TASK DIRECTIONS -
Lines from the one containing "Reply with a" through the end of the data below are to be transcribed exactly; leave out all others.
---------- PROVIDED ENTRIES ----------
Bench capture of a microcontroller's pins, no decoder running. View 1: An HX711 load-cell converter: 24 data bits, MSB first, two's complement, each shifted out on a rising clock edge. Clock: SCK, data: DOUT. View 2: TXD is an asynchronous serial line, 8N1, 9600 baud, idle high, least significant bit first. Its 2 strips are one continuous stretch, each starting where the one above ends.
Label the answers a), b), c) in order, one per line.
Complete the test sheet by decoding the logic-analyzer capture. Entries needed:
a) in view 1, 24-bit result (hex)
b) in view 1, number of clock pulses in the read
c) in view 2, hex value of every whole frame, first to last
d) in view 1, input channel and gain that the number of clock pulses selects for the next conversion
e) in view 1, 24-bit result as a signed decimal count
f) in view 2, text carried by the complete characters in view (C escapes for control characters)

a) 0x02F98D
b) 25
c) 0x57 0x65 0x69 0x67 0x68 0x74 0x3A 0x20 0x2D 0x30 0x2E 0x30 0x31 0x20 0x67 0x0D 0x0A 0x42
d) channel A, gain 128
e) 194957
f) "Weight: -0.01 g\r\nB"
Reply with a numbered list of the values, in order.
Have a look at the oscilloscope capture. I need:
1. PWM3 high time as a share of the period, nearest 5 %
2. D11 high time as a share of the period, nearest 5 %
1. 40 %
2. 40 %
----------
TASK RESULT -
Reply with a numbered list of the values, in order.
Have a look at the oscilloscope capture. I need:
1. PWM3 high time as a share of the period, nearest 5 %
2. D11 high time as a share of the period, nearest 5 %
1. 40 %
2. 40 %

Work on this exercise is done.